Expect to see … Michigan edition
Rivalry time. Michigan State ventures to Crisler Center to take on the Wolverines on Tuesday night. It’s a nice matchup between two relatively young and very talented teams.
While their games are different, their successes are not so far. Both teams fell to Duke and played a tough early season schedule. Now, in conference play, they are coming off losses in their last games, which normally takes some luster from a game, but not this time.
Here is what you should expect to see:
1. Michigan State dominate the glass and the paint
The Spartans are eighth nationally in rebounding. Michigan, well, it isn’t. The Wolverines rank 229th. The size of the Spartans simply poses a huge problem for Michigan — who have played Indiana’s Cody Zeller and UCLA’s Josh Smith, but haven’t seen a combination like Adreian Payne and Derrick Nix.
Payne and Nix combine to average about 15 points and 9 rebounds per game, but beyond the stats, it is how they alter the offense. And Michigan’s Jordan Morgan will have his hands full trying to do anything against the Spartans post game. Nix should fare very well with his post moves and get some good looks, and Tom Izzo should be looking to run plays through him early and often.
Defensively, Payne is a game changer — as long as he stays out of foul trouble. Again, Morgan will have a hard time.
2. Michigan rely on the three
As if Michigan needs any more reasons to throw up shots from behind the arc, the aforementioned Spartans post defense will bring plenty of kick-outs and lead to even more reliance upon the three.
In the Wolverines’ loss at Iowa, they shot 31 threes and made only eight. For the season, they shoot 34.8 percent and the Spartans allow 30.2 percent on threes.

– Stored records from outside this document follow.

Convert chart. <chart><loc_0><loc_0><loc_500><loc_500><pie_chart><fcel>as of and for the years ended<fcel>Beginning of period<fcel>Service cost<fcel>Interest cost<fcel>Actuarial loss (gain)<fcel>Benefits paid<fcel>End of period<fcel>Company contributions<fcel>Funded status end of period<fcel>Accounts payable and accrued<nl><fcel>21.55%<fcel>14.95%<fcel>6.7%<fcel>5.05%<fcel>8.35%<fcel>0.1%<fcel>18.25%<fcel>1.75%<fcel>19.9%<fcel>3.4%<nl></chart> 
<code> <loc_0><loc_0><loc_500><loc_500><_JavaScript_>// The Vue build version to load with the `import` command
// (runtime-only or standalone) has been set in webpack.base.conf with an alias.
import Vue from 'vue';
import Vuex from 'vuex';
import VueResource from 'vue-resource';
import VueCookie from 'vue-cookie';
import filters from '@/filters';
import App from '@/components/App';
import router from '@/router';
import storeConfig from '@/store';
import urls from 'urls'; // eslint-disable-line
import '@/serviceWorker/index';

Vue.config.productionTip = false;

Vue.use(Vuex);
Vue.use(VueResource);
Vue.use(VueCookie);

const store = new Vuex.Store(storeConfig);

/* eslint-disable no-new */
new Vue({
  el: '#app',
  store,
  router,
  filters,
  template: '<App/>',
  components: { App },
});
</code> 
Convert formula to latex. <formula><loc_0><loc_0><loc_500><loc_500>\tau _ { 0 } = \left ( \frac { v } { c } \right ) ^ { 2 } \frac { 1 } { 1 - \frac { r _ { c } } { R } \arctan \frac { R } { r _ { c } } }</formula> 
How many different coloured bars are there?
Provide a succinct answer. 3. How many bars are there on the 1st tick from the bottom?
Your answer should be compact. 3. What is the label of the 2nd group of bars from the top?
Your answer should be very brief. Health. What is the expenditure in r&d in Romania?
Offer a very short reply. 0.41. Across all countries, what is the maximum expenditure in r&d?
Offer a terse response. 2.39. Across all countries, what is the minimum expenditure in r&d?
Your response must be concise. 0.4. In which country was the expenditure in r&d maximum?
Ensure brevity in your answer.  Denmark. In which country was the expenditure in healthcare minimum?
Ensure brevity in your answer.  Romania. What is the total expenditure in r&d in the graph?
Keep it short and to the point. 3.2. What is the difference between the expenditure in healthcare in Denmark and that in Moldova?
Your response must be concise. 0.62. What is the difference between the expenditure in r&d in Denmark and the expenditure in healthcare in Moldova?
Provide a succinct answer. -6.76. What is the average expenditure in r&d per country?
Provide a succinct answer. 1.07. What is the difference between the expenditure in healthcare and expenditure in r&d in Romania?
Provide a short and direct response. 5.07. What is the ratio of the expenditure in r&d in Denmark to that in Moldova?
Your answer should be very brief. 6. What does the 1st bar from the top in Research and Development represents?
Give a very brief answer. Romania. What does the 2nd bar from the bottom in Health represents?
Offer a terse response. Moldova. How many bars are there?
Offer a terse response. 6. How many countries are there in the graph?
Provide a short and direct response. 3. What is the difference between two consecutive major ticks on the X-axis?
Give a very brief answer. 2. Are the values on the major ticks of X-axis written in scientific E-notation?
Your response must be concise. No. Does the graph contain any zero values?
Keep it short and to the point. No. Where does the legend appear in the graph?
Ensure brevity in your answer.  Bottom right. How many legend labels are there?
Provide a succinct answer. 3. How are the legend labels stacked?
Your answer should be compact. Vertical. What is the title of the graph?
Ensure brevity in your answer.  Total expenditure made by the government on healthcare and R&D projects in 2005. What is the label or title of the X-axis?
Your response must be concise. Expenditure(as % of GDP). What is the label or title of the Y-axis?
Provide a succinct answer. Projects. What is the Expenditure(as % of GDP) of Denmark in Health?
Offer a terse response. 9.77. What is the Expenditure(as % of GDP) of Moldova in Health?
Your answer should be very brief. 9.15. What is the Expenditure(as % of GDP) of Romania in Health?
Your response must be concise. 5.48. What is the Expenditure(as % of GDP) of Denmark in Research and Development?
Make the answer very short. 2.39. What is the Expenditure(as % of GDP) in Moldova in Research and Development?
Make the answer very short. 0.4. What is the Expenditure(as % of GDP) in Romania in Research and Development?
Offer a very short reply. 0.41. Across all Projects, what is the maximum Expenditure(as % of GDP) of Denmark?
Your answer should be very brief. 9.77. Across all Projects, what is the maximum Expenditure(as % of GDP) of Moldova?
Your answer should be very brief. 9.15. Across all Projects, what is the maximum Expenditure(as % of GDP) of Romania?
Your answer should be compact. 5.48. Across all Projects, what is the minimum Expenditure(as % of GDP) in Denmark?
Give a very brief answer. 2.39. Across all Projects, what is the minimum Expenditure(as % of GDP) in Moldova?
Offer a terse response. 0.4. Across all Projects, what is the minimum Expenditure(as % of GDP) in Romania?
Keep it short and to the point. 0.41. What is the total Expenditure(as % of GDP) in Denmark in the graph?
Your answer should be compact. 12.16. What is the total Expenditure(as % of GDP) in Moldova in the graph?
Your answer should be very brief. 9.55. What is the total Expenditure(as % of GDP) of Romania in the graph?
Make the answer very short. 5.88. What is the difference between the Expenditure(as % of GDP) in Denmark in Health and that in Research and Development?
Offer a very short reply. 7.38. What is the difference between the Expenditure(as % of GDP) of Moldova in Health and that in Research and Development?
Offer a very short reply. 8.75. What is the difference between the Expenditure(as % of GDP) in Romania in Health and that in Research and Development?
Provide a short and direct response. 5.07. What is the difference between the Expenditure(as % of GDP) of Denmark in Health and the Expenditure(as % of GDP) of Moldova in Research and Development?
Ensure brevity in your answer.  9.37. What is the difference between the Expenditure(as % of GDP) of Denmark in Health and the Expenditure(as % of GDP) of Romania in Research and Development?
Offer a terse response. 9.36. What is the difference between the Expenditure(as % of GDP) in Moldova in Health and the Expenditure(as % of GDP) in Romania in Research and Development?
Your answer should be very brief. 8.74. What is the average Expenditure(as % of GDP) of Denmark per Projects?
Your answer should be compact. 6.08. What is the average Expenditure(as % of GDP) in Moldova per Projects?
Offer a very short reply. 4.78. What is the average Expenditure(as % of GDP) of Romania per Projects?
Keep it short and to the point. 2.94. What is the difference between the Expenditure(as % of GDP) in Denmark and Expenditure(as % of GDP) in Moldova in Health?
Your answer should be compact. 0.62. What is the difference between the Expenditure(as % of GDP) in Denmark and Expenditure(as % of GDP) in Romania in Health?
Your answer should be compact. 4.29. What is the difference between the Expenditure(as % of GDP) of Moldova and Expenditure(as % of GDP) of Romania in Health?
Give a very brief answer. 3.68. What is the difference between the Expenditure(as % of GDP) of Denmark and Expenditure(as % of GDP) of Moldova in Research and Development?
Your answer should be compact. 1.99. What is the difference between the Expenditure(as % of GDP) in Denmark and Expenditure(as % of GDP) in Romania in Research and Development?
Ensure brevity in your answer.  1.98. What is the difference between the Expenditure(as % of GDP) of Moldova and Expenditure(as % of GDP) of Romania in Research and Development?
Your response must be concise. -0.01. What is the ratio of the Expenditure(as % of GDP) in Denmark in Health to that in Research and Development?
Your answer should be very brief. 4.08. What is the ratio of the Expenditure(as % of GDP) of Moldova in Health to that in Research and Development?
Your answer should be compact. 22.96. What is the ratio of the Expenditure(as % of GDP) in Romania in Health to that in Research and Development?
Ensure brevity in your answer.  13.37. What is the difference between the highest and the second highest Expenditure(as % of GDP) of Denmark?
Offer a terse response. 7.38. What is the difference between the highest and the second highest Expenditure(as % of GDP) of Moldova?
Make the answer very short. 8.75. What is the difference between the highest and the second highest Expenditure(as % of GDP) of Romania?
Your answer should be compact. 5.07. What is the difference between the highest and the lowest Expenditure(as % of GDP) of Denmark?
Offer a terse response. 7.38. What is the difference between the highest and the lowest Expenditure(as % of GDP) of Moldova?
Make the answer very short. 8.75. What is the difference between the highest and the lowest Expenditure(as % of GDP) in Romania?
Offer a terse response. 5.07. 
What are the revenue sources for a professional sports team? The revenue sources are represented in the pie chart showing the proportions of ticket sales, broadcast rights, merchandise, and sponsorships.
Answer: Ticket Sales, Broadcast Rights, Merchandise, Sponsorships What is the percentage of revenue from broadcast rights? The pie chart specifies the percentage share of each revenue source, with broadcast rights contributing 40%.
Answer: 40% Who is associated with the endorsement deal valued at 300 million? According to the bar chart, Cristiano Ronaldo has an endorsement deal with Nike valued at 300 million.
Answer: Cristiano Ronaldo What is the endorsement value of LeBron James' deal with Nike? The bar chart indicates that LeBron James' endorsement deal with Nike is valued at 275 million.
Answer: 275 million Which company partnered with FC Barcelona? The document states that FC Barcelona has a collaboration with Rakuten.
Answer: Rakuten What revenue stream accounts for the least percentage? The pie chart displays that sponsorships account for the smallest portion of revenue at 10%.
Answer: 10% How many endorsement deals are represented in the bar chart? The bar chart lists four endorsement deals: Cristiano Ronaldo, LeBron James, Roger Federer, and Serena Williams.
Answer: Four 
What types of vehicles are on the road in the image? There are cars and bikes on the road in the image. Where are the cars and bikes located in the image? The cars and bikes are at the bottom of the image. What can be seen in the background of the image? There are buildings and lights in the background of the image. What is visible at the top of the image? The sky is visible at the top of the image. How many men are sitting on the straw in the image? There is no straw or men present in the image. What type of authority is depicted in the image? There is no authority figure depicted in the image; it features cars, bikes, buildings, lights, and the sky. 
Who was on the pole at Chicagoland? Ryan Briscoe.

Tim Hardaway Jr., Zack Novak, Stu Douglass and Evan Smotrycz essentially live by the three — especially the last three. All four take close to (if not more than) half their shots behind the arc. If those shots go down, they should win. If they don’t, there is little chance they come out on top.
3. Michigan State pressuring Trey Burke
Keith Appling has shown he is one of the best perimeter defenders in the Big Ten and he should be matched up with the freshman Burke for at least a good portion of the game. I wouldn’t be surprised if he is on Hardaway, at times.
Burke averages 2.6 turnovers per game, and also plays excessive minutes for a freshman leading the Wolverines with 34.3 per game. Appling and Wood should be used to pressure Burke, and even Brandan Kearney, who has shown he is a reliable option in the past few games. The game plan on the young point guard is simple: Wear him down and force him to make mistakes.
The matchup of Appling and Burke, both slashers who get to the hoop and draw fouls, likely is the one to pay most attention to in the game.
4. Michigan break out the 1-3-1 zone occasionally
Michigan coach John Beilein is known as a coach who will use the 1-3-1, similar to the defense Northwestern employs. Based on how MSU struggled to find openings against the Wildcats defense, it would not be surprising if Beilein used it as well. It helps counteract a team with greater size, which is what led to the awful performances from Payne and Nix at Evanston.
5. Michigan State getting Brandon Wood involved early
Wood has been an interesting player so far. He is a great shooter, and makes a lot of smart plays, but still is adjusting. This much is clear: He does most of his scoring early in the game.
Izzo has talked about running plays for him, and we haven’t seen too much of it yet. This would be a good time to look to get him involved and streaking early. More so than any other Spartan guard, he has the ability to go off at any time.
The scoring of Wood and Trice will be important for Michigan State coming out on top.
6. Michigan put the ball in Hardaway’s hands … a lot
I am not sure how the Spartans plan on matching up, but Appling likely is going to see some time on Hardaway, despite the size difference. Hardaway is a unique blend of size, shooting ability and driving ability.
Draymond Green will spend a lot of time on Novak and Smotrycz, as will Dawson. Neither of those players has the skills to take over a game, though, like Hardaway possesses. Smotrycz has shown signs of being a great player this season, but has been struggling for the past week. (Michigan should be looking to get him heavily involved, too).
No matter who matches up with Hardaway, it will either be a mismatch in size or quickness. Kearney might be the best physical match, but experience-wise that is a nightmare. He is a streaky player, who will often settle for jump shots instead of driving. If he gets going and recognizes a bigger defender on him and elects to drive, he will create problems. But, if he settles for long threes and misses a couple … it might be a long night for Michigan.
When the matchup is broken down, Michigan State has decisive advantages in the post and also in overall athleticism. Appling’s defense should be enough to throw Burke off his game and hold him to less than 15 points. Green will record a double-double, as is expected most nights.
Green and Appling make the plays late and free throws make the game look like it was not close, when in reality, it will be.